Birth by C-section more than doubles odds of measles vaccine failure. Should I test?

@kaferty You should follow the schedule, it’s the way it is for a reason and if you’re in the US schools might not accept your child’s vaccinations if they were done off schedule (this includes getting vaccines too early, as a school nurse I see this a lot and I cannot accept any vaccines done ahead of schedule).
 
@kaferty First I have heard of this but I was a C-section baby and I have had the MMR vaccine multiple times and then gotten tested and don’t have immunity. Finally gave up on it. A doctor told me some people just don’t respond to the vaccine.
 
@r_annett Hi I’m someone who also doesn’t build immunity to measles and was told the same by an immunologist after getting MMR many times unsuccessfully. FWIW I was born vaginally.
 
@kaferty One thing to remember about statistics and studies like this that doubling the likelihood doesn’t necessarily mean much. For example if there is a 1 in 100,000 chance of something happening doubling that would mean there is a 2 in 100,000 chance. It’s still an increase probability but it does jump to guarantee.
 
@kaferty If this were true, then other vaccines would most likely be non affective. So many kids are born via C section, this just seems nonsensical that a singular vaccine would be twice as likely not to work.
 
@kaferty According to a study I just googled for this purpose, the measles vaccine failure rate is 1 in 100, which means according to the study you read, failure rate is as much as 2 in 100. Which is still obscenely low.

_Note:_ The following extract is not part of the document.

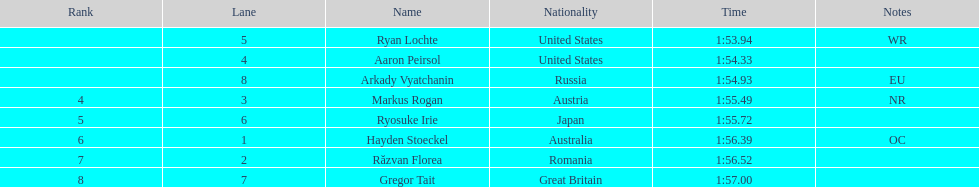Between austria and russia, who had a higher ranking? Russia.

And please remember that correlation is not causation.

Classical Music composers age at death is significantly lower than rock musician composers (I did a study on this in college). But this study has no real, valid point because the population I sampled was classical composers who lived prior to 1900 and we've made medical advancements since then. At surface value, most people would say rock musicians should live less long (mean age, median age, mode, etc) because of lifestyle. But it's not a comparison of apples and apples.

There is zero reason for cesarean births to impact vaccine failure rates, speaking from a medical and pathological physiology standpoint.
 
@kaferty
Overall, in the infant cohort, 133 infants were born through the caesarean section, representing 38.0% of the population, consistent with levels of cesarean section use in China (36.7%)22. Of infants born via caesarean section, 12% (16/133) failed to mount an immune response to MCV1, as compared with 5% (10/217) of infants born by vaginal delivery (Supplementary Table 8).

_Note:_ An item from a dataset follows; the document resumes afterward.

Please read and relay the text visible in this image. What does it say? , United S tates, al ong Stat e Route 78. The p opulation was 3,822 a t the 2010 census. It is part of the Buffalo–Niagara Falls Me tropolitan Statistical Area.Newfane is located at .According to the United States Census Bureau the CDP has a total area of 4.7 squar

I would say maybe, I wouldn't. The odd ratio makes it sound more dramatic, but it goes from 95% effective to 88% effective. On the other hand, it is more significative that what I am used to seeing, so it suggests that more research is needed.
 
@kaferty One thing you could consider is boosting your babies microbiomes with appropriate probiotics. This is a known disadvantage to babies born by c-section and would logically have some impact on the immune system. This is speculation, but one possibility.